Superior Court of Maine, Cumberland

October 24, 2017

Mabel Wadsworth Women's Health Center; Family Planning Association of Maine d/b/a Maine Family Planning and Primary Care Services; and Planned Parenthood of Northern New England, Plaintiffs
Ricker Hamilton, Acting Commissioner of the Maine Department of Health and Human Services, in his official capacity, Defendant




          A. M. HORTON, JUSTICE.

         Defendant's Motion for Summary Judgment and Plaintiffs' Cross-Motion for Summary Judgment came before the court for oral argument September 28, 2017, at which point the case came under advisement.

         For the following reasons, Plaintiffs' Cross-Motion For Summary Judgment is denied and Defendant's Motion for Summary Judgment is granted.


         A. The Medicaid/MaineCare Framework

         The joint state-federal program known as Medicaid, codified as Title XIX of the Social Security Act, provides federal funds to enable states to extend subsidized medical care to needy persons. See 42 U.S.C. §§ 1396-1396v (2017); 42 C.F.R. § 430.0 (2017). See also Biewald v. State, 451 A.2d 98, 99 (Me. 1982).

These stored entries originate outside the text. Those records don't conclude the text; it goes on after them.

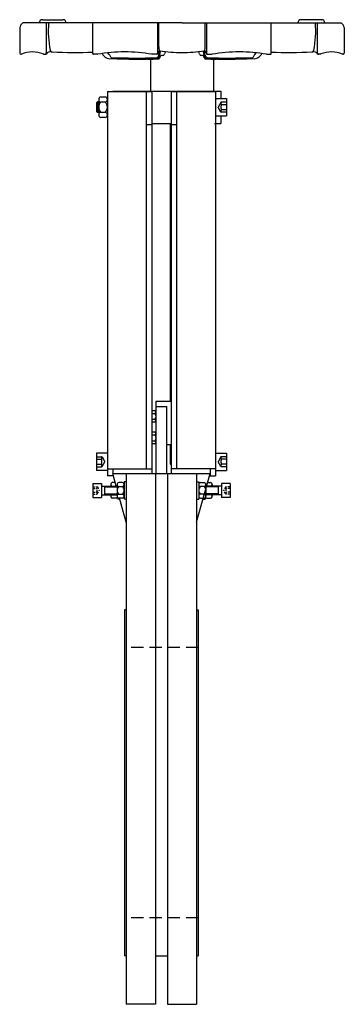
# Model space of a CAD drawing. Extents: x 16 to 316, y 8 to 919.
import ezdxf

# ---------------------------------------------------------------- set-up
doc = ezdxf.new("R2010")
doc.units = 0
doc.header["$LTSCALE"] = 15
doc.header["$MEASUREMENT"] = 0
doc.linetypes.add('RAYITAS', pattern=[0.375, 0.25, -0.125])
doc.linetypes.add('TRAZOS', pattern=[0.75, 0.5, -0.25])
doc.layers.add('CYL_XDF250', color=7, linetype='CONTINUOUS')

msp = doc.modelspace()

# ---------------------------------------------------------------- linework, layer by layer
at = {"layer": 'CYL_XDF250'}
for p, q in [((15.94, 911.64), (15.94, 887.82)), ((165.94, 915.82), (18.94, 915.82)), ((36.88, 918.82), (55.91, 918.82)), ((40.62, 889.71), (40.62, 915.82)), ((83.6, 887.3), (83.6, 915.82)), ((143.16, 915.82), (143.16, 887.32)), ((144.6, 893.71), (144.6, 915.82)), ((165.94, 915.82), (312.94, 915.82)), ((187.27, 893.71), (187.27, 915.82)), ((188.71, 915.82), (188.71, 887.32)), ((248.27, 887.3), (248.27, 915.82)), ((294.99, 918.82), (275.96, 918.82)), ((291.25, 889.71), (291.25, 915.82)), ((315.94, 911.64), (315.94, 887.82)), ((16.94, 886.82), (17.33, 886.82)), ((38.06, 886.82), (39.91, 886.82)), ((40.41, 887.28), (40.62, 889.71)), ((87.61, 886.8), (84.1, 886.8)), ((98.66, 886.63), (97.38, 888.16)), ((142.66, 886.82), (138.39, 886.82)), ((144.37, 889.5), (143.1, 887.09)), ((144.29, 883.58), (145.19, 890.03)), ((145.29, 883.58), (146.16, 889.82)), ((186.58, 883.58), (185.72, 889.82)), ((187.58, 883.58), (186.69, 890.03)), ((187.5, 889.5), (188.77, 887.09)), ((189.21, 886.82), (193.48, 886.82)), ((233.21, 886.63), (234.49, 888.16)), ((244.26, 886.8), (247.77, 886.8)), ((291.46, 887.28), (291.25, 889.71)), ((293.82, 886.82), (291.96, 886.82)), ((314.94, 886.82), (314.54, 886.82)), ((136.94, 882.51), (136.94, 852.82)), ((194.94, 882.51), (194.94, 852.82)), ((94.94, 847.27), (90.94, 847.27)), ((96.94, 852.32), (96.94, 496.82)), ((101.94, 852.82), (201.94, 852.82)), ((101.94, 852.82), (101.94, 852.32)), ((132.94, 852.32), (132.94, 503.29)), ((137.94, 852.32), (137.94, 498.82)), ((155.94, 852.32), (155.94, 498.82)), ((160.94, 852.32), (160.94, 503.29)), ((191.94, 852.82), (191.94, 852.32)), ((196.94, 852.32), (196.94, 496.82)), ((201.94, 852.82), (201.94, 845.82)), ((87.94, 842.82), (86.94, 841.82)), ((88.94, 841.82), (86.94, 841.82)), ((86.94, 841.82), (86.94, 833.82)), ((88.94, 842.82), (87.94, 842.82)), ((87.94, 842.82), (87.94, 832.82)), ((88.94, 844.91), (88.94, 830.73)), ((94.94, 842.55), (90.94, 842.55)), ((196.94, 845.82), (206.94, 845.82)), ((206.94, 845.82), (206.94, 829.82)), ((88.94, 833.82), (86.94, 833.82)), ((86.94, 833.82), (87.94, 832.82)), ((88.94, 832.82), (87.94, 832.82)), ((94.94, 833.1), (90.94, 833.1)), ((196.94, 829.82), (206.94, 829.82)), ((201.94, 829.82), (201.94, 822.82)), ((94.94, 828.37), (90.94, 828.37)), ((132.94, 821.72), (137.94, 821.72)), ((137.94, 822.82), (155.94, 822.82)), ((154.94, 822.82), (154.94, 565.82)), ((155.94, 821.72), (160.94, 821.72)), ((195.94, 822.82), (201.94, 822.82)), ((141.94, 498.82), (141.94, 565.82)), ((141.94, 565.82), (155.94, 565.82)), ((137.94, 557.35), (140.69, 557.35)), ((141.94, 560.82), (151.94, 560.82)), ((151.94, 498.82), (151.94, 560.82)), ((137.94, 554.58), (140.69, 554.58)), ((137.94, 549.06), (140.69, 549.06)), ((140.69, 546.3), (137.94, 546.3)), ((137.94, 537.35), (140.69, 537.35)), ((137.94, 534.58), (140.69, 534.58)), ((137.94, 529.06), (140.69, 529.06)), ((140.69, 526.3), (137.94, 526.3)), ((151.94, 525.82), (155.94, 525.82)), ((154.94, 525.82), (154.94, 507.82)), ((86.94, 517.82), (86.94, 501.82)), ((96.94, 517.82), (86.94, 517.82)), ((196.94, 517.82), (206.94, 517.82)), ((206.94, 517.82), (206.94, 501.82)), ((96.94, 501.82), (86.94, 501.82)), ((96.94, 503.29), (137.94, 503.29)), ((101.94, 503.29), (101.94, 496.82)), ((154.94, 507.82), (155.94, 507.82)), ((155.94, 506.82), (154.94, 507.82)), ((196.94, 503.29), (155.94, 503.29)), ((191.94, 503.29), (191.94, 496.82)), ((196.94, 501.82), (206.94, 501.82)), ((101.94, 498.82), (191.94, 498.82)), ((105.13, 487.32), (101.94, 498.82)), ((114.44, 498.82), (114.44, 7.82)), ((141.44, 498.82), (141.44, 7.82)), ((152.44, 498.82), (152.44, 7.82)), ((179.44, 498.82), (179.44, 7.82)), ((179.44, 453.82), (191.94, 498.82)), ((83.44, 489.82), (83.44, 476.82)), ((83.44, 489.82), (91.44, 489.82)), ((91.44, 489.82), (91.44, 476.82)), ((91.44, 487.32), (105.94, 487.32)), ((94.44, 487.32), (94.44, 479.32)), ((94.44, 486.57), (105.94, 486.57)), ((100.11, 488.71), (100.11, 487.32)), ((104.24, 490.51), (101.73, 490.51)), ((105.94, 488.71), (105.94, 477.93)), ((110.81, 490.51), (107.56, 490.51)), ((107.56, 486.92), (110.81, 486.92)), ((114.44, 491.32), (112.44, 491.32)), ((112.44, 491.32), (112.44, 475.32)), ((112.44, 488.71), (112.44, 477.93)), ((114.44, 491.32), (114.44, 475.32)), ((179.44, 491.32), (179.44, 475.32)), ((179.44, 491.32), (181.44, 491.32)), ((181.44, 491.32), (181.44, 475.32)), ((181.44, 488.71), (181.44, 477.93)), ((183.06, 490.51), (186.31, 490.51)), ((186.31, 486.92), (183.06, 486.92)), ((187.94, 488.71), (187.94, 477.93)), ((202.44, 487.32), (187.94, 487.32)), ((199.44, 486.57), (187.94, 486.57)), ((189.63, 490.51), (192.14, 490.51)), ((193.76, 488.71), (193.76, 487.32)), ((199.44, 487.32), (199.44, 479.32)), ((202.44, 489.82), (202.44, 476.82)), ((210.44, 489.82), (202.44, 489.82)), ((210.44, 489.82), (210.44, 476.82)), ((83.44, 476.82), (91.44, 476.82)), ((91.44, 479.32), (105.94, 479.32)), ((94.44, 480.07), (105.94, 480.07)), ((100.11, 479.32), (100.11, 477.93)), ((104.98, 476.13), (101.73, 476.13)), ((106.61, 476.52), (106.61, 475.32)), ((108.46, 475.32), (106.61, 475.32)), ((107.56, 479.73), (110.81, 479.73)), ((110.81, 476.13), (107.56, 476.13)), ((114.44, 453.82), (108.24, 476.13)), ((114.44, 475.32), (112.44, 475.32)), ((179.44, 475.32), (181.44, 475.32)), ((186.31, 479.73), (183.06, 479.73)), ((183.06, 476.13), (186.31, 476.13)), ((185.41, 475.32), (187.26, 475.32)), ((187.26, 476.52), (187.26, 475.32)), ((199.44, 480.07), (187.94, 480.07)), ((202.44, 479.32), (187.94, 479.32)), ((188.89, 476.13), (192.14, 476.13)), ((193.76, 479.32), (193.76, 477.93)), ((210.44, 476.82), (202.44, 476.82)), ((112.94, 372.82), (112.94, 52.82)), ((114.44, 372.82), (112.94, 372.82)), ((179.44, 372.82), (180.94, 372.82)), ((180.94, 372.82), (180.94, 52.82)), ((114.44, 52.82), (112.94, 52.82)), ((141.44, 52.82), (152.44, 52.82)), ((179.44, 52.82), (180.94, 52.82)), ((141.44, 7.82), (114.44, 7.82)), ((152.44, 7.82), (179.44, 7.82))]:
    msp.add_line(p, q, dxfattribs=at)
at = {"layer": 'CYL_XDF250', "ltscale": 0.3}
for p, q in [((96.94, 852.32), (137.94, 852.32)), ((155.94, 852.32), (196.94, 852.32))]:
    msp.add_line(p, q, dxfattribs=at)
at = {"layer": 'CYL_XDF250', "linetype": 'RAYITAS', "ltscale": 6}
for p, q in [((201.86, 842.27), (199.29, 837.82)), ((206.94, 842.4), (202.08, 842.4)), ((206.94, 840.11), (202.19, 840.11)), ((201.86, 833.37), (199.29, 837.82)), ((206.94, 833.25), (202.08, 833.25)), ((206.94, 835.53), (202.19, 835.53)), ((86.94, 514.4), (91.79, 514.4)), ((86.94, 512.11), (91.69, 512.11)), ((92.01, 514.27), (94.58, 509.82)), ((201.86, 514.27), (199.29, 509.82)), ((206.94, 514.4), (202.08, 514.4)), ((206.94, 512.11), (202.19, 512.11)), ((86.94, 507.53), (91.69, 507.53)), ((86.94, 505.25), (91.79, 505.25)), ((92.01, 505.37), (94.58, 509.82)), ((201.86, 505.37), (199.29, 509.82)), ((206.94, 505.25), (202.08, 505.25)), ((206.94, 507.53), (202.19, 507.53))]:
    msp.add_line(p, q, dxfattribs=at)
at = {"layer": 'CYL_XDF250', "linetype": 'RAYITAS', "ltscale": 0.6}
for p, q in [((83.44, 486.75), (87.29, 486.75)), ((83.44, 485.04), (87.19, 485.04)), ((87.51, 486.63), (89.42, 483.32)), ((87.51, 480.02), (89.42, 483.32)), ((206.36, 486.63), (204.46, 483.32)), ((206.36, 480.02), (204.46, 483.32)), ((210.44, 486.75), (206.58, 486.75)), ((210.44, 485.04), (206.69, 485.04)), ((83.44, 481.61), (87.19, 481.61)), ((83.44, 479.89), (87.29, 479.89)), ((210.44, 479.89), (206.58, 479.89)), ((210.44, 481.61), (206.69, 481.61))]:
    msp.add_line(p, q, dxfattribs=at)
at = {"layer": 'CYL_XDF250', "linetype": 'TRAZOS', "ltscale": 1.5}
for p, q in [((180.94, 337.82), (112.94, 337.82)), ((180.94, 87.82), (112.94, 87.82))]:
    msp.add_line(p, q, dxfattribs=at)
at = {"layer": 'CYL_XDF250'}
for points in [[(101.94, 496.82), (96.94, 496.82)], [(191.94, 496.82), (196.94, 496.82)]]:
    msp.add_lwpolyline(points, dxfattribs=at)
for centre, radius, start, end in [((20.92, 911.23), 5, 113.36771, 175.29522), ((36.88, 915.82), 3, 90, 180), ((133.34, 908.38), 91.02, 175.31033, 191.37661), ((55.91, 915.82), 3, 0, 90), ((275.96, 915.82), 3, 90, 180), ((198.53, 908.38), 91.02, 348.62339, 4.68967), ((294.99, 915.82), 3, 0, 90), ((310.95, 911.23), 5, 4.70478, 66.63229), ((153.65, 892.58), 9.12, 172.90088, 190.42212), ((178.22, 892.58), 9.12, 349.57788, 7.09912), ((16.94, 887.82), 1, 180, 270), ((17.33, 887.32), 0.5, 270, 293.22291), ((27.89, 862.76), 26.24, 68.28934, 113.25216), ((38.06, 887.32), 0.5, 202.28285, 270), ((39.91, 887.32), 0.5, 270, 355), ((44.39, 884.13), 5, 81.15071, 144.49045), ((46.04, 890.96), 2, 195.66756, 263.30735), ((47.82, 906.18), 17.32, 261.15071, 263.30735), ((66.39, 1375.09), 486.55, 267.57429, 272.0263), ((84.1, 887.3), 0.5, 180, 270), ((87.61, 887.3), 0.5, 270, 292.18228), ((113.06, 739.65), 149.34, 80.30694, 99.73654), ((99.43, 890.66), 7.95, 203.31798, 279.31526), ((90.35, 879.68), 10.84, 24.2686, 39.89719), ((100.68, 884.34), 0.5, 204.2686, 262.16502), ((124.05, 1412.03), 528.7, 267.45958, 272.02892), ((138.39, 887.32), 0.5, 247.91779, 270), ((142.66, 887.32), 0.5, 270, 0), ((142.71, 884.15), 0.5, 276.2558, 335.02138), ((152.99, 879.37), 10.84, 140.10281, 155.02138), ((145.26, 889.04), 1, 73.3308, 152.23362), ((145.85, 891.14), 1.19, 190.42212, 255.18634), ((147.78, 883.23), 2.51, 109.62673, 172.10771), ((165.89, 1027.55), 139.04, 261.5512, 270.01698), ((147.74, 883.34), 2.4, 88.01691, 109.62673), ((147.89, 887.65), 1.91, 268.01691, 345.83932), ((155.68, 885.68), 6.12, 143.38005, 165.83932), ((165.98, 1027.55), 139.04, 269.98302, 278.4488), ((176.19, 885.68), 6.12, 14.16068, 36.61995), ((183.98, 887.65), 1.91, 194.16068, 271.98309), ((184.13, 883.34), 2.4, 70.37327, 91.98309), ((184.09, 883.23), 2.51, 7.89229, 70.37327), ((186.03, 891.14), 1.19, 284.81366, 349.57788), ((186.62, 889.04), 1, 27.76638, 106.6692), ((178.88, 879.37), 10.84, 24.97862, 39.89719), ((189.16, 884.15), 0.5, 204.97862, 263.7442), ((189.21, 887.32), 0.5, 180, 270), ((207.82, 1412.03), 528.7, 267.97108, 272.54042), ((193.48, 887.32), 0.5, 270, 292.08221), ((218.82, 739.65), 149.34, 80.26346, 99.69306), ((232.44, 890.66), 7.95, 260.68474, 336.68202), ((231.19, 884.34), 0.5, 277.83498, 335.7314), ((241.52, 879.68), 10.84, 140.10281, 155.7314), ((244.26, 887.3), 0.5, 247.81772, 270), ((247.77, 887.3), 0.5, 270, 0), ((265.48, 1375.09), 486.55, 267.9737, 272.42571), ((285.84, 890.96), 2, 276.69265, 344.33244), ((284.05, 906.18), 17.32, 276.69265, 278.84929), ((287.48, 884.13), 5, 35.50955, 98.84929), ((291.96, 887.32), 0.5, 185, 270), ((293.82, 887.32), 0.5, 270, 337.71715), ((303.98, 862.76), 26.24, 66.74784, 111.71066), ((314.54, 887.32), 0.5, 246.77709, 270), ((314.94, 887.82), 1, 270, 0), ((123.23, 1392.91), 510.58, 267.4736, 272.2665), ((137.7, 938.98), 56.66, 266.34083, 276.80731), ((143.3, 883.72), 1, 276.80731, 352.10771), ((144.3, 883.72), 1, 276.80731, 352.10771), ((187.57, 883.72), 1, 187.89229, 263.19269), ((194.17, 938.98), 56.66, 263.19269, 273.65917), ((188.57, 883.72), 1, 187.89229, 263.19269), ((208.64, 1392.91), 510.58, 267.7335, 272.5264), ((91.33, 844.91), 2.4, 99.50011, 260.49989), ((94.54, 844.91), 2.4, 279.50011, 80.49989), ((95.52, 837.82), 6.58, 134.11602, 225.88398), ((90.35, 837.82), 6.58, 314.11602, 45.88398), ((91.33, 830.73), 2.4, 99.50011, 260.49989), ((94.54, 830.73), 2.4, 279.50011, 80.49989), ((140.55, 555.96), 1.39, 275.71123, 84.28877), ((138.26, 551.82), 3.68, 311.30757, 48.69243), ((140.55, 547.68), 1.39, 275.71123, 84.28877), ((140.55, 535.96), 1.39, 275.71123, 84.28877), ((138.26, 531.82), 3.68, 311.30757, 48.69243), ((140.55, 527.68), 1.39, 275.71123, 84.28877), ((101.91, 488.71), 1.81, 95.77073, 230.42228), ((107.74, 488.71), 1.81, 95.77073, 264.22927), ((110.72, 483.32), 4.79, 131.35248, 228.64752), ((110.63, 488.71), 1.81, 275.77073, 84.22927), ((107.65, 483.32), 4.79, 311.35248, 48.64752), ((183.24, 488.71), 1.81, 95.77073, 264.22927), ((186.22, 483.32), 4.79, 131.35248, 228.64752), ((186.13, 488.71), 1.81, 275.77073, 84.22927), ((183.15, 483.32), 4.79, 311.35248, 48.64752), ((191.96, 488.71), 1.81, 309.57772, 84.22927), ((101.91, 477.93), 1.81, 129.57772, 264.22927), ((104.8, 477.93), 1.81, 275.77073, 324.50613), ((107.74, 477.93), 1.81, 95.77073, 264.22927), ((110.63, 477.93), 1.81, 275.77073, 84.22927), ((183.24, 477.93), 1.81, 95.77073, 264.22927), ((186.13, 477.93), 1.81, 275.77073, 84.22927), ((189.07, 477.93), 1.81, 215.49387, 264.22927), ((191.96, 477.93), 1.81, 275.77073, 50.42228)]:
    msp.add_arc(centre, radius, start, end, dxfattribs=at)
at = {"layer": 'CYL_XDF250', "linetype": 'RAYITAS', "ltscale": 6}
for centre, radius, start, end in [((202.08, 842.15), 0.25, 90, 150), ((204.68, 841.25), 2.74, 155.3405, 204.6595), ((212.53, 837.82), 10.59, 167.52584, 192.47416), ((202.08, 833.5), 0.25, 210, 270), ((204.68, 834.39), 2.74, 155.3405, 204.6595), ((89.19, 513.25), 2.74, 335.3405, 24.6595), ((81.35, 509.82), 10.59, 347.52584, 12.47416), ((91.79, 514.15), 0.25, 30, 90), ((202.08, 514.15), 0.25, 90, 150), ((204.68, 513.25), 2.74, 155.3405, 204.6595), ((212.53, 509.82), 10.59, 167.52584, 192.47416), ((89.19, 506.39), 2.74, 335.3405, 24.6595), ((91.79, 505.5), 0.25, 270, 330), ((202.08, 505.5), 0.25, 210, 270), ((204.68, 506.39), 2.74, 155.3405, 204.6595)]:
    msp.add_arc(centre, radius, start, end, dxfattribs=at)
at = {"layer": 'CYL_XDF250', "linetype": 'RAYITAS', "ltscale": 0.6}
for centre, radius, start, end in [((85.84, 485.89), 1.6, 327.49242, 32.50758), ((81.43, 483.32), 6.01, 343.41253, 16.58747), ((87.29, 486.5), 0.25, 30, 90), ((206.58, 486.5), 0.25, 90, 150), ((208.03, 485.89), 1.6, 147.49242, 212.50758), ((212.44, 483.32), 6.01, 163.41253, 196.58747), ((85.84, 480.75), 1.6, 327.49242, 32.50758), ((87.29, 480.14), 0.25, 270, 330), ((206.58, 480.14), 0.25, 210, 270), ((208.03, 480.75), 1.6, 147.49242, 212.50758)]:
    msp.add_arc(centre, radius, start, end, dxfattribs=at)

doc.saveas('drawing.dxf')

         State participation in Medicaid is voluntary. However, once a state chooses to participate, it must comply with the requirements of federal law and regulations thereunder. A participating state must have a plan that is approved by the federal government and that provides, at minimum, certain mandatory services. See 42 C.F.R. §§ 430.0 et seq. These mandatory services include pregnancy related services, and family planning services. See 42, U.S.C § 1396a(a)(10).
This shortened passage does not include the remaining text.